[Esip-preserve] [FOO] Foo Project moves to Google Spreadsheets

Tue Oct 12 10:53:12 EDT 2010

On 10/11/2010 04:57 PM, alicebarkstrom at frontier.com wrote:
> Do we have any analysis that quantifies the probability that the
> identifiers will be disconnected from the file contents?
> [...]
> Since the usual DOI/URL/PURL/.../UUID's do not have direct ties to
> the file (or larger collections), I don't think you could rely on
> these to detect changes.

On 10/12/2010 09:39 AM, Kenneth S. Casey wrote:
> On Oct 12, 2010, at 9:21 AM, alicebarkstrom at frontier.com
> <mailto:alicebarkstrom at frontier.com> wrote:
>> The suggestion that Ken has of embedding UUIDs in the file at least
>> makes them unique and independent of cryptographic digests.

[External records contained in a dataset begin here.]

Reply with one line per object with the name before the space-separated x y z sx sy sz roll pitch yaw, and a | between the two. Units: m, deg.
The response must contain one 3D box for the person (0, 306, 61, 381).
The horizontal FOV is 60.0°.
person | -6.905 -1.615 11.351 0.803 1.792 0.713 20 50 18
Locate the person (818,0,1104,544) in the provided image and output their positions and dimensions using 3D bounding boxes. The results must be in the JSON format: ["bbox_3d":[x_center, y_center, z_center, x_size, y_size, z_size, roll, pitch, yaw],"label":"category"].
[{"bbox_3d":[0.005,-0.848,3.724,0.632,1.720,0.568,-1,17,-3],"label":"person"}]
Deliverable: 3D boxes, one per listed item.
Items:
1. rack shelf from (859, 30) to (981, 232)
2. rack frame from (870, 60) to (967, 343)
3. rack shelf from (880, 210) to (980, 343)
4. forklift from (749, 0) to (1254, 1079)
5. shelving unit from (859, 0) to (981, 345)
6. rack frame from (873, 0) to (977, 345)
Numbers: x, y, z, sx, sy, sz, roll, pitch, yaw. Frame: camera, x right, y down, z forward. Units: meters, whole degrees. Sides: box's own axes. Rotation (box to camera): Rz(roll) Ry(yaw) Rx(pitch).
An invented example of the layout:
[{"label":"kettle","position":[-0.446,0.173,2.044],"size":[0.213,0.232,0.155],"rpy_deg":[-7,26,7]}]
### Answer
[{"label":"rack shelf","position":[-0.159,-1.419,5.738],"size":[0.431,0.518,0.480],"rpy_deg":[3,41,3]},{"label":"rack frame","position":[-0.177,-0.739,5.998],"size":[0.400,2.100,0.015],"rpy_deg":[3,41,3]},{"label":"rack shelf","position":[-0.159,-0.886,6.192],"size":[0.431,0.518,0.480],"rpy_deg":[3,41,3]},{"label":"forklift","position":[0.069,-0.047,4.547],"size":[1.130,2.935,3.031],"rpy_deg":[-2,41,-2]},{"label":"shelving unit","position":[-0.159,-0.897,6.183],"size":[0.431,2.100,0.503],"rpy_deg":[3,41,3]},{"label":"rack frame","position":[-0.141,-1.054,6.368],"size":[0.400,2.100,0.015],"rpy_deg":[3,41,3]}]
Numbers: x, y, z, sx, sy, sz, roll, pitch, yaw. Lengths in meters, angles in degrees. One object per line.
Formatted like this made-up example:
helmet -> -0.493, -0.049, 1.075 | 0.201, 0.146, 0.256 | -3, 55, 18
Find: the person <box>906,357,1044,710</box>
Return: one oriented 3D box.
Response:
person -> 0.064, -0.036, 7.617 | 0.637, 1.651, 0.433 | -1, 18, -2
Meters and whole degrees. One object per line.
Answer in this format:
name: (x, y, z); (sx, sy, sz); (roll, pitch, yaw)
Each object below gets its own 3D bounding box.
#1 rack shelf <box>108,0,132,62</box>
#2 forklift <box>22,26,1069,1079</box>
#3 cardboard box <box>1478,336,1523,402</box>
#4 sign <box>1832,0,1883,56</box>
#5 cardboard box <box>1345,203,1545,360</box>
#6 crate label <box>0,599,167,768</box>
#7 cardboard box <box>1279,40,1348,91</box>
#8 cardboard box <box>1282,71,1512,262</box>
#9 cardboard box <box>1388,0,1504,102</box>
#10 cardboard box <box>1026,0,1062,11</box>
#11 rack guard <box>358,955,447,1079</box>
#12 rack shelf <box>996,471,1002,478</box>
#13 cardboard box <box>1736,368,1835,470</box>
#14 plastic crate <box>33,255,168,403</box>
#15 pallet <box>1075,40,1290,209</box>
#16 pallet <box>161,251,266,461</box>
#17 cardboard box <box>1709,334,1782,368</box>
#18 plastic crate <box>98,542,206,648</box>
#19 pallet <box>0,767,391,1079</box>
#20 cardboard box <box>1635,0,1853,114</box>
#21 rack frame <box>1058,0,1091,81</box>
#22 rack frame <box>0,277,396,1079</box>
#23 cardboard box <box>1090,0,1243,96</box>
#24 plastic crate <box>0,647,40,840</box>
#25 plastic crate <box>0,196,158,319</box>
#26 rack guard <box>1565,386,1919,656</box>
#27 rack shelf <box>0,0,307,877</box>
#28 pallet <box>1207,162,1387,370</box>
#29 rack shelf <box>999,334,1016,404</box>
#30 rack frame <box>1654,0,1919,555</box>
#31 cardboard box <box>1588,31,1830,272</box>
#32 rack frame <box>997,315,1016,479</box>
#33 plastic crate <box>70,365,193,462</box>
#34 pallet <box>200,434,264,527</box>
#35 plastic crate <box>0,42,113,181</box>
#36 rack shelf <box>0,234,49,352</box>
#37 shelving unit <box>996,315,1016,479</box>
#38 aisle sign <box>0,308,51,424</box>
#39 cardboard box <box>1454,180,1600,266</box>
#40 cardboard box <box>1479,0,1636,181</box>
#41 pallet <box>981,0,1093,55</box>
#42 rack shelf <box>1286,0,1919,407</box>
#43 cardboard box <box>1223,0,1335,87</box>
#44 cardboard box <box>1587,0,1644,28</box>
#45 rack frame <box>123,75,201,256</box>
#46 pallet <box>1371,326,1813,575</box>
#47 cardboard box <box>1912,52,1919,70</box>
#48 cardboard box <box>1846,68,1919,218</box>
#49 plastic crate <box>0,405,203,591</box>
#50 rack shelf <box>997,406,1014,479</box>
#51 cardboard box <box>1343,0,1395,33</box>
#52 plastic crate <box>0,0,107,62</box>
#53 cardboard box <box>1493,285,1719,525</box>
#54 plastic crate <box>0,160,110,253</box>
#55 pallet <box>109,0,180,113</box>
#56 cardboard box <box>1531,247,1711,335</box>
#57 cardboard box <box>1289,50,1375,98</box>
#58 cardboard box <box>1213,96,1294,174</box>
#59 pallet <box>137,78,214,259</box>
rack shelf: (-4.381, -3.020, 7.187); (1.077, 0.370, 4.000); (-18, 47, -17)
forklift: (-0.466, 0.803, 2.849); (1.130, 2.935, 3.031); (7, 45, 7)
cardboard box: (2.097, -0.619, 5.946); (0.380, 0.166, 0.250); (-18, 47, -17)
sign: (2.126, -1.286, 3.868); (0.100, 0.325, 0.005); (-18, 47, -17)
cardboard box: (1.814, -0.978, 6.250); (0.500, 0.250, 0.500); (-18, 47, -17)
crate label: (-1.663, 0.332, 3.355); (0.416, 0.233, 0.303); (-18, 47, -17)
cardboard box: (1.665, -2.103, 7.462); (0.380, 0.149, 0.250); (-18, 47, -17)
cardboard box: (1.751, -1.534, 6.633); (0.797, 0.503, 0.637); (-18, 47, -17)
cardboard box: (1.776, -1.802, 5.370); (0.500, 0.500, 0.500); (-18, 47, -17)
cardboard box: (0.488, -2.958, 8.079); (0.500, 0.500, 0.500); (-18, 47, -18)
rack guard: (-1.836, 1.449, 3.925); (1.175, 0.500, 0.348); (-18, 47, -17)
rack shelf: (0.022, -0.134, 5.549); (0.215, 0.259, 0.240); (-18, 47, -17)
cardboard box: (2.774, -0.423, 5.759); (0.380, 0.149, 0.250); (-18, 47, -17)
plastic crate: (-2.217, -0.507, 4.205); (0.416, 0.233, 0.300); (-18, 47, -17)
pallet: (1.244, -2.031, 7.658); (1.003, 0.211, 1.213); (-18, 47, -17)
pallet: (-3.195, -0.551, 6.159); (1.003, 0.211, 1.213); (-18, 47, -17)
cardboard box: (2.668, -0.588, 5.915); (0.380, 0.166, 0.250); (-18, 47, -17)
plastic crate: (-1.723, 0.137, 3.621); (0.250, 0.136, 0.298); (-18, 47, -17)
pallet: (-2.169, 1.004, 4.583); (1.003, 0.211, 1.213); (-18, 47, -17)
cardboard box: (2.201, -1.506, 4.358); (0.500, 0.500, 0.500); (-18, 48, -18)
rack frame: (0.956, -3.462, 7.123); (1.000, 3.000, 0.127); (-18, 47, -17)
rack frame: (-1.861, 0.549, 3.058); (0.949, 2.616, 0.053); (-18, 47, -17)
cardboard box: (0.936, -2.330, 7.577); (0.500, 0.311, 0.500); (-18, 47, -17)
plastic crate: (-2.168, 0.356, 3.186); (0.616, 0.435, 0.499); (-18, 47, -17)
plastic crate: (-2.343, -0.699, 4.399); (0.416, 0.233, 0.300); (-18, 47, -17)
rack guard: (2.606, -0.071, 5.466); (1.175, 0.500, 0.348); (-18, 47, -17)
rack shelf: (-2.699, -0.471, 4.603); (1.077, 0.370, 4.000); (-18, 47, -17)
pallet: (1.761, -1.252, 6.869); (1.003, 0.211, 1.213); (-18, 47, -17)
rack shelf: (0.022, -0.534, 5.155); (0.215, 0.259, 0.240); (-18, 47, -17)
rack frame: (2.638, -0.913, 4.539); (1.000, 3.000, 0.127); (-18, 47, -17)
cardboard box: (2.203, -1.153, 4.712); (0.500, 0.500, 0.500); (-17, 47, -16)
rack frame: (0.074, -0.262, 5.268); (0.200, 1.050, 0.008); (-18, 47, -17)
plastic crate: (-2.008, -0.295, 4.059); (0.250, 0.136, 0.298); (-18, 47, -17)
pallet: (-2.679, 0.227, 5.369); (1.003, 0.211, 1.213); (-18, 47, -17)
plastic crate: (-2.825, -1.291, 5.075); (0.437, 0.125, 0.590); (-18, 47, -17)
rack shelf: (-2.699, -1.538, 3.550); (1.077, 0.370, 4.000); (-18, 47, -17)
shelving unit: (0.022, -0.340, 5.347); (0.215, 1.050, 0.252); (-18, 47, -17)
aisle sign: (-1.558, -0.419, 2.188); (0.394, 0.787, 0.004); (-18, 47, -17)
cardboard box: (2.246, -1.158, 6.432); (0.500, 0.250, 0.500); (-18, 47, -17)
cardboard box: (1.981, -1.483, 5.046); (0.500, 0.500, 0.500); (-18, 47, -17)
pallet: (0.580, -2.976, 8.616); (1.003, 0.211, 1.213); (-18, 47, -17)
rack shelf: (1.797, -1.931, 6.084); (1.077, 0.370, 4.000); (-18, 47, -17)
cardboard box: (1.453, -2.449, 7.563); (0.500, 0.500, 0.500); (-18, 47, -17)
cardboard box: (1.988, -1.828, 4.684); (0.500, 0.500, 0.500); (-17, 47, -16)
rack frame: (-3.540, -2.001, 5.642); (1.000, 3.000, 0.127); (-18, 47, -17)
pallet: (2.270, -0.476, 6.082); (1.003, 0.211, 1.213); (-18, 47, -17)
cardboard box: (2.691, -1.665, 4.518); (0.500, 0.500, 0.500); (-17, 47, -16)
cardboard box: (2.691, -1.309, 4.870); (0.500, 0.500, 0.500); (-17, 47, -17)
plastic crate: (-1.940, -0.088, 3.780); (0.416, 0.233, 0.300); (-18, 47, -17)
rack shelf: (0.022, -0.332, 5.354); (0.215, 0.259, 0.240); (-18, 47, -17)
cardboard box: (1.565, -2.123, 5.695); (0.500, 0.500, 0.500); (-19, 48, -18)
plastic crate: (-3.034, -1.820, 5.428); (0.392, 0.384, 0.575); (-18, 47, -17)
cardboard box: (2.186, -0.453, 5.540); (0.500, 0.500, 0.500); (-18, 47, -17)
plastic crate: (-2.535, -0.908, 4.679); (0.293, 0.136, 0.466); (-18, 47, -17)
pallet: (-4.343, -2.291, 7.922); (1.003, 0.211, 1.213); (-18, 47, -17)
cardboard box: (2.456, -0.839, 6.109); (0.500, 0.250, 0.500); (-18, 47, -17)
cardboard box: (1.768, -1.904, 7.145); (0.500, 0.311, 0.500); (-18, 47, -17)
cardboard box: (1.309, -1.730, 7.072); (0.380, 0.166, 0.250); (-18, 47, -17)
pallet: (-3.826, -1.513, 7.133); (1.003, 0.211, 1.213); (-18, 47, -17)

That
>> means as long as a copy of the original file is readable, it can be
>> uniquely identified.

UUID is not resolvable, so I think embedding them makes a lot of
sense.

DOIs on the other hand are resolvable.  The curator of the archive
should make a commitment to maintain the tie to the data collection.

Not only that, I think we have a strong case that the curator should
develop and maintain the ability to resolve the DOI to a specific set
of granules given a particular date/time stamp.  (see example below)

>> What happens after the original file becomes unreadable (physical
>> deterioration, software obsolescence, hardware obsolescence being
>> prime suspects) is not so clear.

I think this is a whole separate category of "preservation."  I like
to wrap this in a box labeled "curator commitment."  If you have the
resources to prevent those problems, you can.  If your data value
warrants the resources to support that commitment, you can maintain
it.  If your data value doesn't warrant those resources, you lose it.
Hopefully over time (and efforts of groups like this one), technology
advances to make the resource requirements cheaper and cheaper.  As
long as that wave stays ahead of us, we can keep everything forever.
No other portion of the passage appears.